With the groan of mechanical gears, the glowing warp nacelles of the USS Fortitude folded upwards, locking securely into place and boosting the starship to speeds far beyond the speed of light. It was an image that Erica watched with a heart heavy with hope for the safe return of the USS Winchester, and Rear Admiral Blackmore, her friend and commanding officer.



ACT TWO



“Well, that’s all that we can manage,” the Rear Admiral realized with disdain.

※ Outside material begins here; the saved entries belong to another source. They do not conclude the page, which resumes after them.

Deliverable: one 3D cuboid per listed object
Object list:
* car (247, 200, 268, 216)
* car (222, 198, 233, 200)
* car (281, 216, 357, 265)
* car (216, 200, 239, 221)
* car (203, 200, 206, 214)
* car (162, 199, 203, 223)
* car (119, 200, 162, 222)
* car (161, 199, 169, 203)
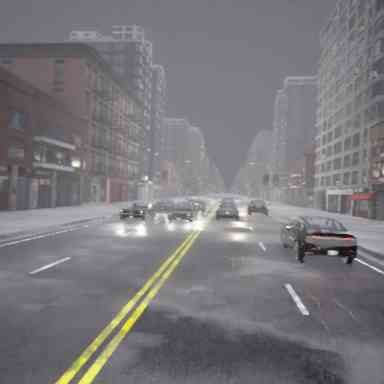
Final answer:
[{"bbox_3d":[7.367,1.641,37.776,2.097,1.767,4.553,2,0,6],"label":"car"},{"bbox_3d":[4.711,1.533,43.684,2.097,1.767,4.553,2,0,7],"label":"car"},{"bbox_3d":[4.637,1.677,12.707,2.128,1.511,4.902,2,0,6],"label":"car"},{"bbox_3d":[3.125,1.685,29.147,1.994,1.385,4.181,2,0,6],"label":"car"},{"bbox_3d":[0.459,1.507,35.249,2.128,1.511,4.902,2,0,6],"label":"car"},{"bbox_3d":[-0.612,1.519,25.994,2.033,1.411,5.357,2,0,7],"label":"car"},{"bbox_3d":[-3.966,1.438,25.274,1.895,1.301,4.718,2,0,7],"label":"car"},{"bbox_3d":[-2.772,1.448,35.602,1.994,1.385,4.181,2,0,6],"label":"car"}]
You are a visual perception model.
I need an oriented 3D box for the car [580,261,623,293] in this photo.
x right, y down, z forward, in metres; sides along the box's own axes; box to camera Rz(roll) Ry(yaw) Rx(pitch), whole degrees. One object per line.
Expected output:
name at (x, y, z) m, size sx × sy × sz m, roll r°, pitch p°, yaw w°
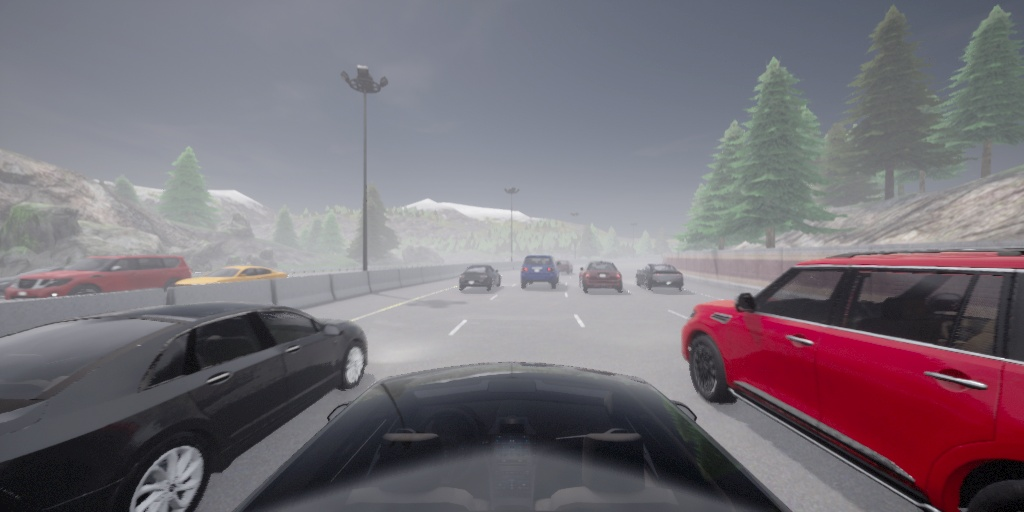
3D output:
car at (5.135, 1.089, 21.132) m, size 2.097 × 1.767 × 4.553 m, roll 0°, pitch 0°, yaw 8°

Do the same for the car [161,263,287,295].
car at (-13.188, 1.217, 17.207) m, size 1.882 × 1.535 × 5.008 m, roll 0°, pitch 0°, yaw 6°

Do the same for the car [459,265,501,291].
car at (-1.869, 1.262, 21.732) m, size 1.812 × 1.442 × 4.674 m, roll 0°, pitch 0°, yaw 8°

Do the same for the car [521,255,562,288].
car at (1.949, 0.956, 23.665) m, size 2.150 × 2.045 × 5.566 m, roll 0°, pitch 0°, yaw 10°

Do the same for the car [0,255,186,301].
car at (-16.909, 0.962, 15.314) m, size 2.150 × 2.045 × 5.566 m, roll 0°, pitch 0°, yaw 5°

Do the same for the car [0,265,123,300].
car at (-23.609, 1.264, 18.453) m, size 1.812 × 1.442 × 4.674 m, roll 0°, pitch 0°, yaw 6°

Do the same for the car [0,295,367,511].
car at (-3.289, 1.253, 3.927) m, size 1.837 × 1.490 × 4.892 m, roll 0°, pitch 0°, yaw 1°

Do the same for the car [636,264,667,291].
car at (8.705, 1.228, 21.452) m, size 2.128 × 1.511 × 4.902 m, roll 0°, pitch 0°, yaw 8°

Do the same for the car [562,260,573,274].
car at (5.738, 1.201, 40.254) m, size 1.882 × 1.535 × 5.008 m, roll 0°, pitch 0°, yaw 16°

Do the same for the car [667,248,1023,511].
car at (3.664, 0.970, 3.149) m, size 2.150 × 2.045 × 5.566 m, roll 0°, pitch 0°, yaw 1°

Nostalgia was all well and good but the simple fact of the matter remained. Miranda-class starships were old. Retrofits could be made. The most sophisticated systems could be installed but above it all, stood the same design flaws, the same power regulation systems, the same weak spots and now they were failing him. His knowledge of the class meant that he had done all that he could do to divert power to the faltering engines, but it was nowhere near enough.

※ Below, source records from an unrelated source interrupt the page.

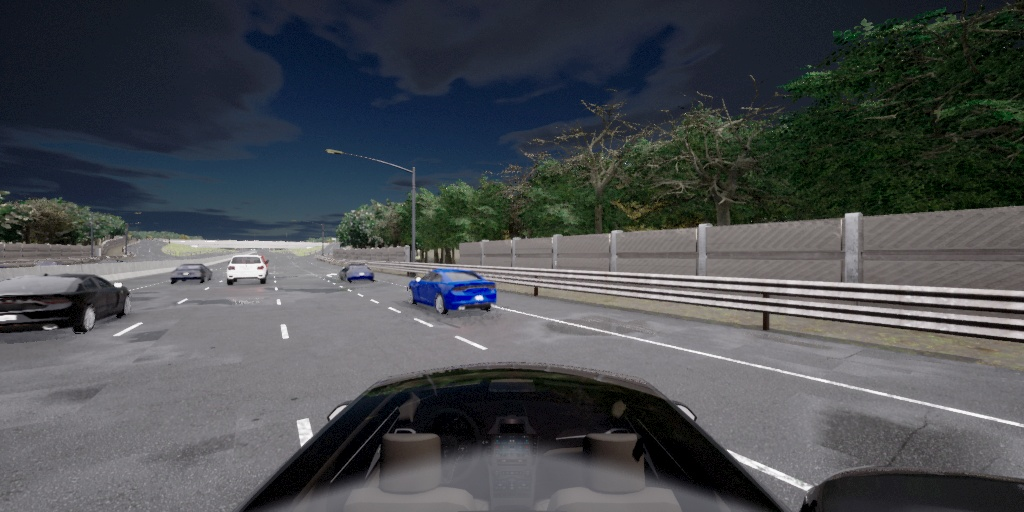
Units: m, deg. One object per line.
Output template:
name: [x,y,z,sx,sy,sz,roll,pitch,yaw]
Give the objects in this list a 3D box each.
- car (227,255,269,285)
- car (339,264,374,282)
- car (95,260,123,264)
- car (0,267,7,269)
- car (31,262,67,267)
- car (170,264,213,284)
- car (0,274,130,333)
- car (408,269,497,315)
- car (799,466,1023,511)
car: [-19.274,0.957,26.201,2.150,2.045,5.566,0,0,-34]
car: [-12.335,1.302,28.421,1.994,1.385,4.181,0,0,-34]
car: [-46.455,1.209,41.411,1.837,1.490,4.892,0,0,-33]
car: [-49.215,1.310,32.884,1.895,1.301,4.718,0,0,-33]
car: [-47.713,1.272,36.963,1.994,1.385,4.181,0,0,-33]
car: [-24.069,1.279,27.049,2.033,1.411,5.357,0,0,-33]
car: [-12.594,1.224,10.013,1.882,1.535,5.008,0,0,-34]
car: [-2.454,1.226,13.764,1.882,1.535,5.008,0,0,-34]
car: [2.985,1.315,0.453,4.181,1.385,1.994,0,0,34]
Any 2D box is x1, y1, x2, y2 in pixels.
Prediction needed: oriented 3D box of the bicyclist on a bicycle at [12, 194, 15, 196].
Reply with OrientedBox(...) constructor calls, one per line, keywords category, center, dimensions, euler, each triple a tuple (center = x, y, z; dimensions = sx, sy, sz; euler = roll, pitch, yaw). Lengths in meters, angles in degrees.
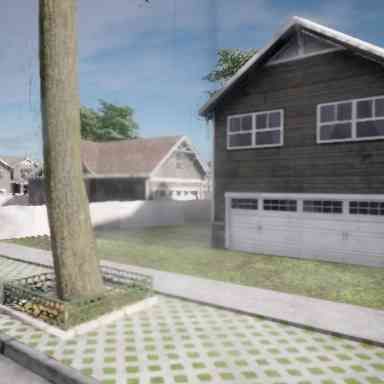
OrientedBox(category="bicyclist on a bicycle", center=(-19.186, 1.021, 35.923), dimensions=(1.656, 1.620, 0.582), euler=(0, 1, 34))

The only thing left to divert was life-support but Edward Blackmore didn’t give up that easily.

There was always a way out.

Just what this situation would provide as a way out, he was at a loss to see at this time. All he could see was the image dominating the main viewscreen, the image of Winchester’s impending doom.

Stunning to behold but deadly to observe, it was the classic siren call scenario.

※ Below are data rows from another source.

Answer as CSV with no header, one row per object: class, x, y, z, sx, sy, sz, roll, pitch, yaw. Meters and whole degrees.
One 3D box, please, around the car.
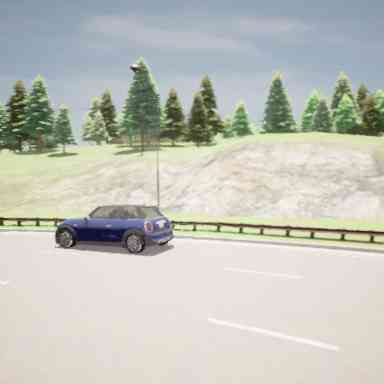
car,-3.077,1.247,12.934,4.553,1.767,2.097,0,1,23
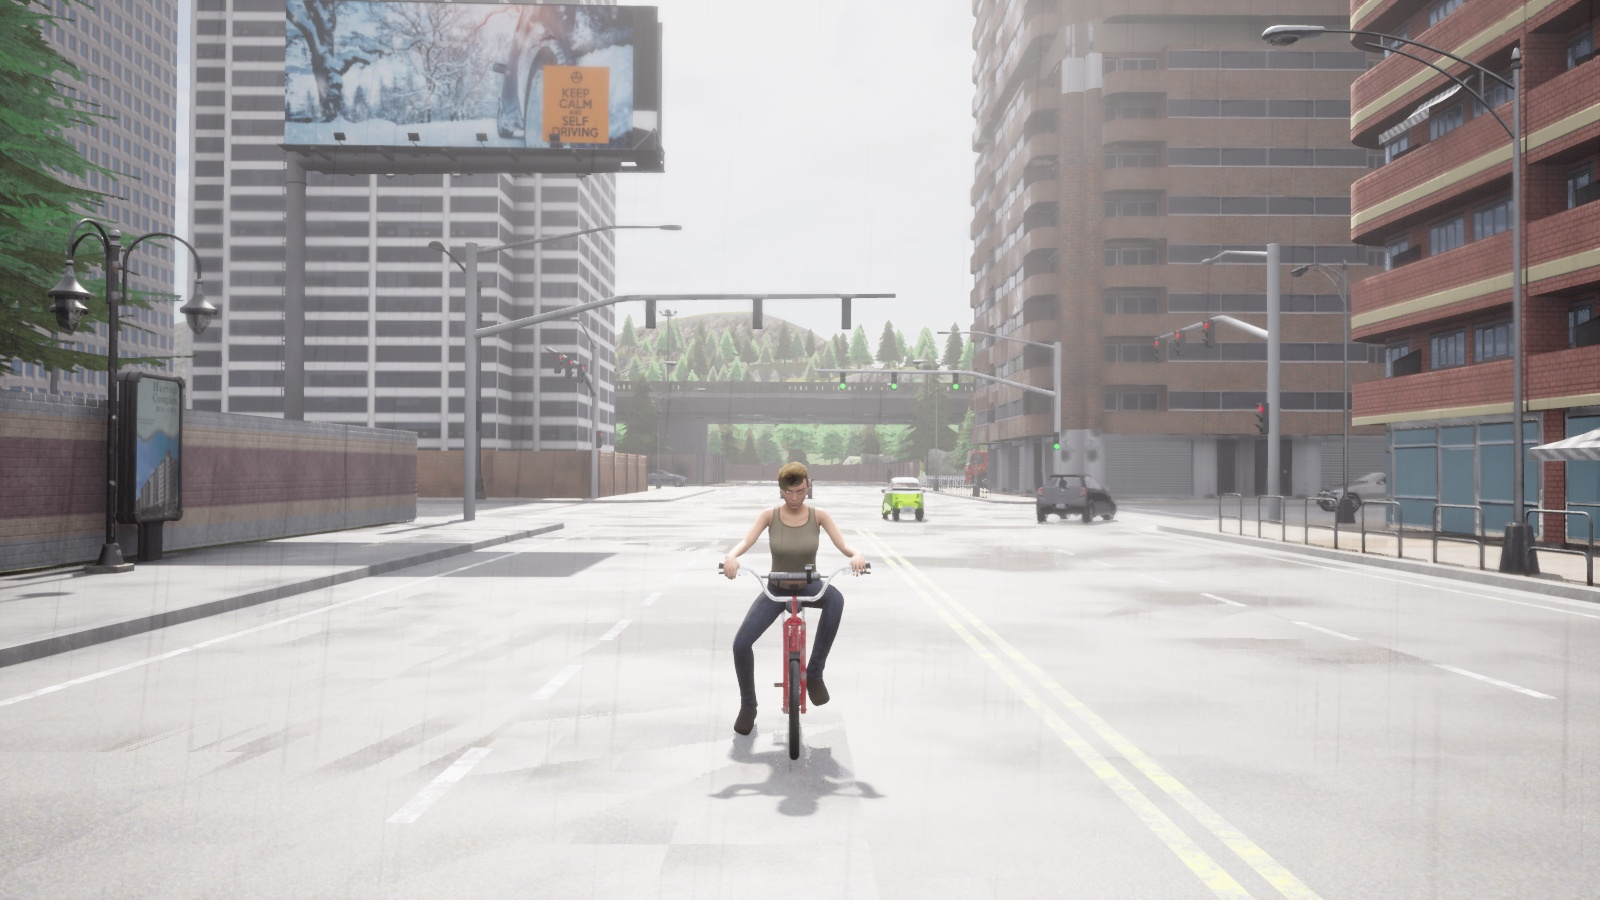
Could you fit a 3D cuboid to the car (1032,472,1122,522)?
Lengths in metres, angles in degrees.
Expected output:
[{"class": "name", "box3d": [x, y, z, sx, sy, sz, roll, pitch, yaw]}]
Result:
[{"class": "car", "box3d": [8.802, 1.459, 39.747, 1.845, 1.501, 3.633, -1, -1, 28]}]

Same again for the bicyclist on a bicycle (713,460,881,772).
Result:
[{"class": "bicyclist on a bicycle", "box3d": [-0.027, 0.873, 7.275, 0.866, 1.612, 1.509, 0, -1, -1]}]

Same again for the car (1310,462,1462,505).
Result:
[{"class": "car", "box3d": [23.241, 1.337, 49.939, 5.027, 1.651, 2.152, 0, -1, 0]}]

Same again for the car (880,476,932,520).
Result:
[{"class": "car", "box3d": [3.392, 1.535, 40.561, 1.481, 1.376, 2.207, 0, -1, 0]}]
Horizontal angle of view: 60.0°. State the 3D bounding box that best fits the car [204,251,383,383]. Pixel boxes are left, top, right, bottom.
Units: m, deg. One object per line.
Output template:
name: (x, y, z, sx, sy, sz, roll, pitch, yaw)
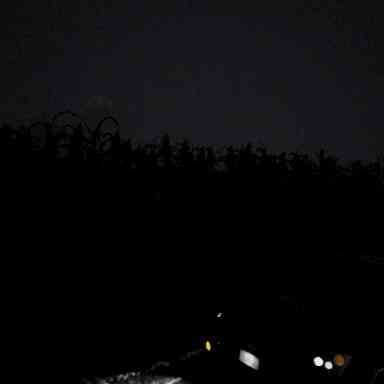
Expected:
car: (2.221, 1.595, 4.663, 4.181, 1.385, 1.994, 1, 0, -36)
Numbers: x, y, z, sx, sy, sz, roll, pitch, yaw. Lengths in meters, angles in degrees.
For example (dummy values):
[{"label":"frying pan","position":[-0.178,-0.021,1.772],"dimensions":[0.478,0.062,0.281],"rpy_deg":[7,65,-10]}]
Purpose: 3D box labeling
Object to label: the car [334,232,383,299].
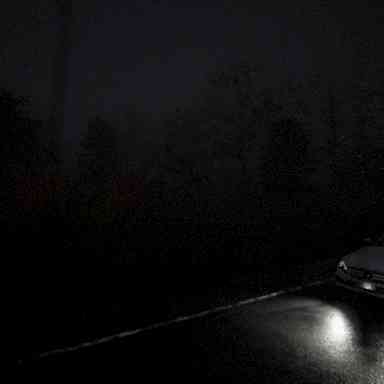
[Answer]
[{"label":"car","position":[5.267,1.530,7.734],"dimensions":[4.674,1.442,1.812],"rpy_deg":[0,0,-35]}]

It was a particle fountain.

They were small but deadly spatial anomalies. Blackmore had heard the horror stories about one discovered in the Hupar system. Starfleet had attempted to map the phenomenon, only to lose a small fleet of nearly a dozen ships to it. As the swirling cornucopia of energy drew the Winchester in even closer, all that he could think about was the list that would occupy a database somewhere.

The list would identify the USS Winchester, NCC-2799, as the thirteenth casualty of such an unknown and natural destructive power. Thirteen, yes… it would have to be number thirteen, wouldn’t it? It was certainly unlucky for some, but the number had always been unlucky for the Rear Admiral

Damned subspace… Of all of the places that subspace could have destabilized and it does it right here, sucking innocent things into the gates of Hell itself. Maybe there was a connection. Maybe he had just made the biggest scientific breakthrough about particle fountains. It was just an unfortunate footnote that he paid for the information with his life.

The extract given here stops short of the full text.